Since there is no field of preventative psychiatry the following analysis requires a grain of salt. However there are two resources to draw on in conceiving of such a process. One is Rogers, who felt the best way to deal with impending pathology is through self image expansion, i.e. the on-going creation of an evolving, ever-broadening self concept. Another was a bolder attempt at psycho-innoculation by Martin Seligman (1975) who suggested that children could be essentially psycho-immunized from subsequent pathology through a learned hopefulness method (1975). He has actually put some of this to practice in military training venues.
With that in mind it is possible to toy with the idea of a preventative approach to mental health by which to insulate the child against pathology. It is the idea of self-surfing and it could be taught, as a social skill in either a formal counseling or sub-therapeutic context. It would involve teaching children to play the roles of different people, to occupy various positions on the totem pole as it were; to speak, move, posture, think and emote in terms of a variety of self-states.
At first blush this might seem counterproductive, especially given the meritorious nature of our society, in which positive self-esteem is viewed as a prerequisite to success and achievement. The question could be asked as to whether such self-versatility might dilute the achievement motive that drives the singular pursuit of goals.
One possible answer to that question comes from the writings of Carl Jung, who in effect described the healthy personality as one with an understanding that progress is not a straight line, and that regression can either be viewed as a set-back or as a psychic hiatus that is prerequisite to subsequent achievement.
Self-surfing could probably be done in individual counseling (that is essentially what Rogerians do.
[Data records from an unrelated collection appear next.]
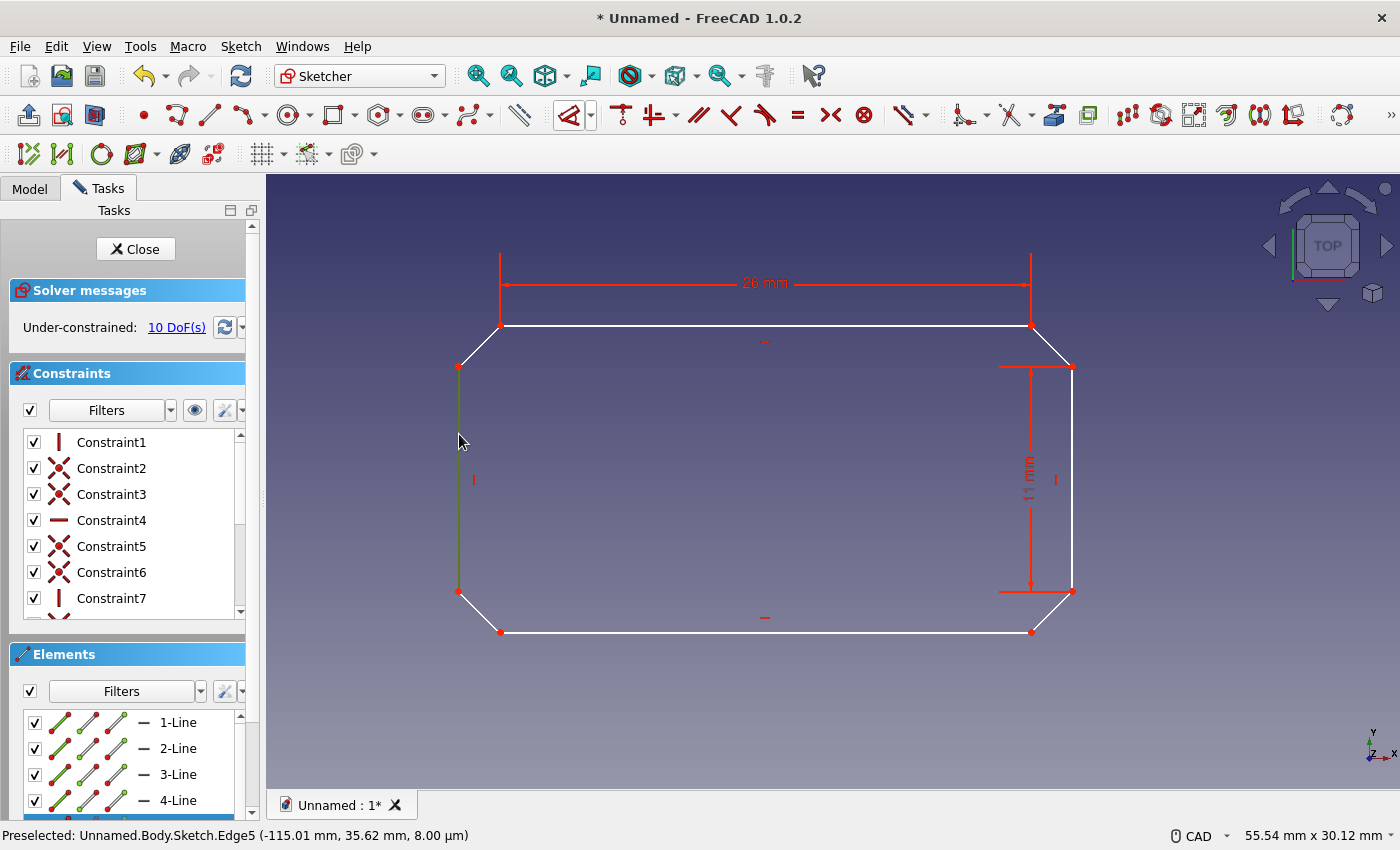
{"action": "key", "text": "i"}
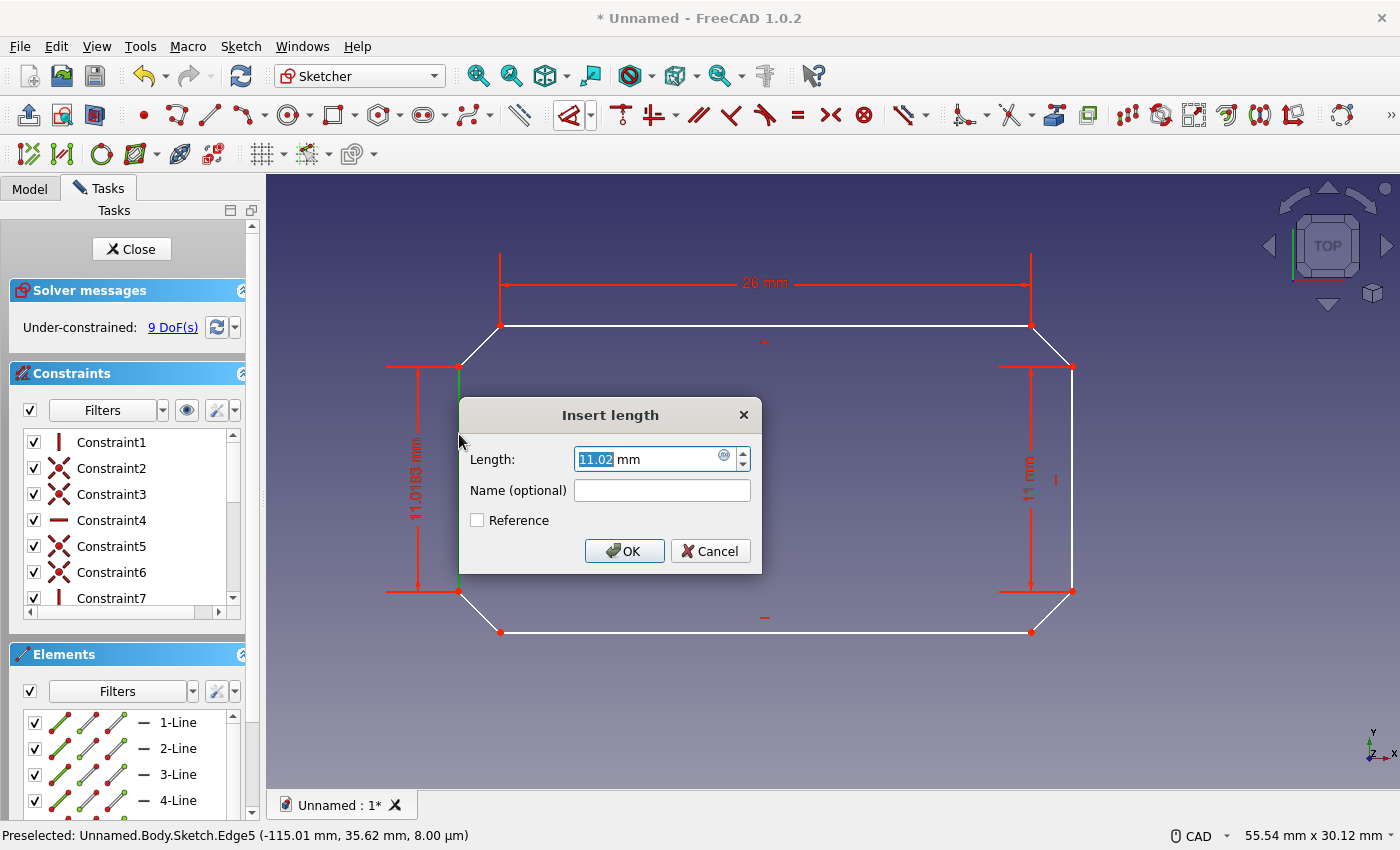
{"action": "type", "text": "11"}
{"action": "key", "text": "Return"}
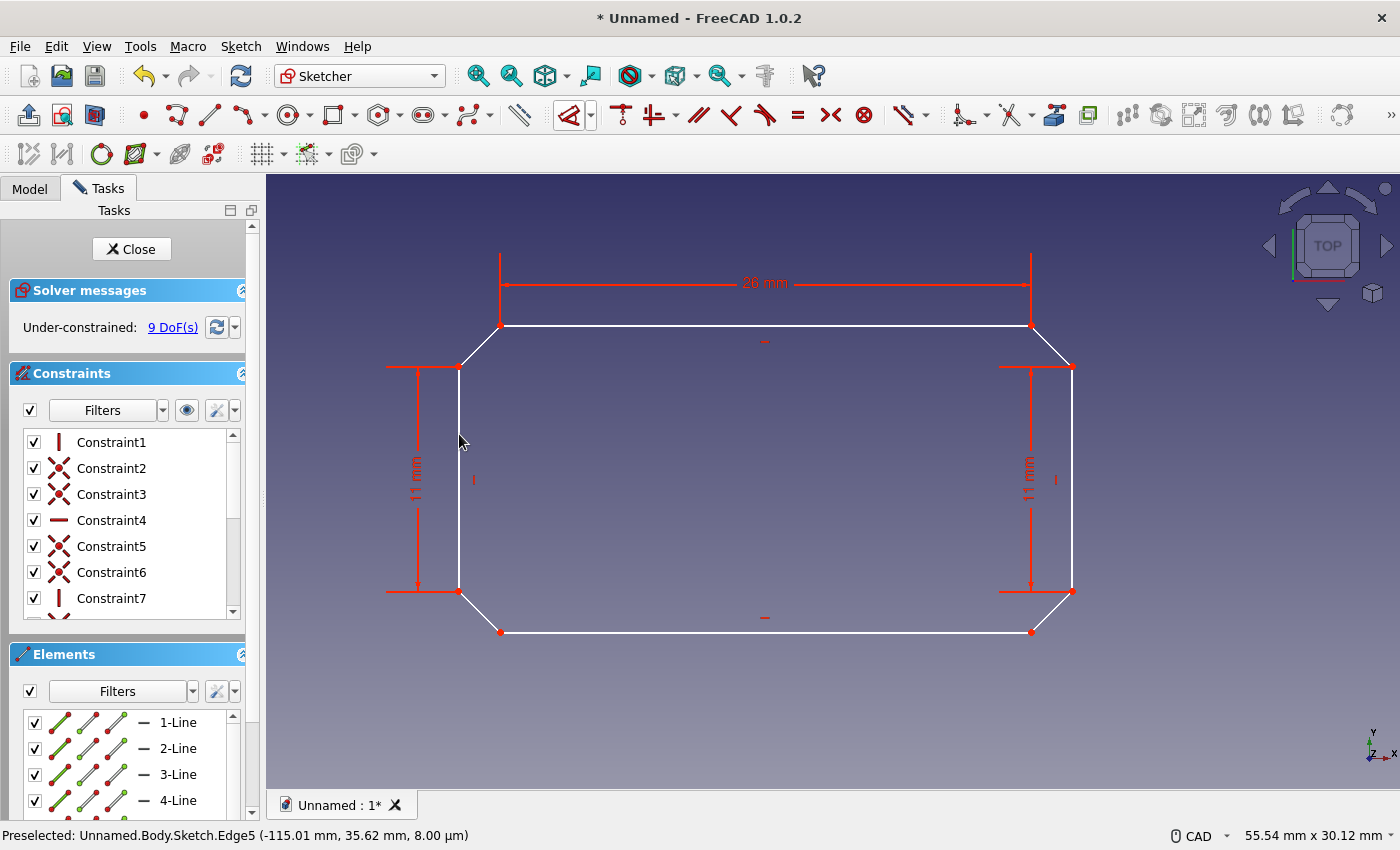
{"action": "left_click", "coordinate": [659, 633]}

However some students might respond better to a psycho-dramatic approach, whereby they are asked to play various roles that representing high and low points in the social hierarchy; for example winners and losers, heroes and “geeks,” as well as dominant and submissive types, then process all those role/experiences in the aftermath. Not only would the group format be seen as less threatening – especially if the child is merely acting out a role. It might also produce equanimity within the group precisely because all members would be on occasion strong, weak, dominant., submissive etc.
The question is, if done on a large scale, would this help prevent or ameliorate psychological disorders? Research could ultimately determine that, but given the vicissitudes life typically hands out to us all, it might have at least a common sense appeal. It also provides a prototype for what has heretofore been a rather ill-defined, elusive concept – normalcy. The numerous, and ever expanding diagnostic categories emerging from the DSM are well known to all of us. But there is no manual describing what normalcy really is. Perhaps in this context it can be partially defined – much as a physician defines good health in terms of lab test results or a 98.6 temperature, i.e as a form of self-resilience, typified by a fluid capacity to match self and external outcomes fluidly and across a wide variety of circumstances. In even simpler terms and as per the title of this article, it could be defined as an adequate self-surfing capacity with broad assimilative potentials that can inoculate the individual against what most clinical theorists consider the prime pathogen in emotional disturbance; conflict within the self.